# Aim of the task
Take the line containing "name at (x, y, z)" and every line after it to the end of the material below; reproduce them exactly, without pictures.

# Supplied entries
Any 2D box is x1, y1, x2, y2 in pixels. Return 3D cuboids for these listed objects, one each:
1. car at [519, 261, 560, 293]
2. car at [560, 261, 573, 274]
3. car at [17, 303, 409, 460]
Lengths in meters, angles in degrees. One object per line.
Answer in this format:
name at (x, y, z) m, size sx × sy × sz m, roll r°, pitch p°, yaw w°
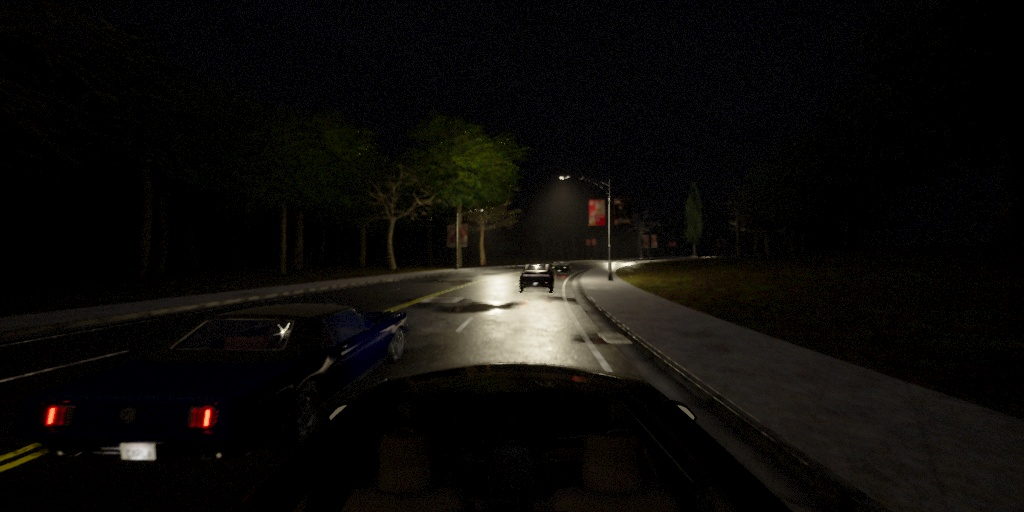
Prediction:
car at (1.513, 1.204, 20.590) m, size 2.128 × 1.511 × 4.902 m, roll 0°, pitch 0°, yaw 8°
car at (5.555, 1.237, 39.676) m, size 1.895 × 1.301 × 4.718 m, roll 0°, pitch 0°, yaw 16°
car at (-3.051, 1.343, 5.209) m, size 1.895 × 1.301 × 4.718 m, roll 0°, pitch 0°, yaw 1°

# Result below
name at (x, y, z) m, size sx × sy × sz m, roll r°, pitch p°, yaw w°
Prediction:
car at (1.513, 1.204, 20.590) m, size 2.128 × 1.511 × 4.902 m, roll 0°, pitch 0°, yaw 8°
car at (5.555, 1.237, 39.676) m, size 1.895 × 1.301 × 4.718 m, roll 0°, pitch 0°, yaw 16°
car at (-3.051, 1.343, 5.209) m, size 1.895 × 1.301 × 4.718 m, roll 0°, pitch 0°, yaw 1°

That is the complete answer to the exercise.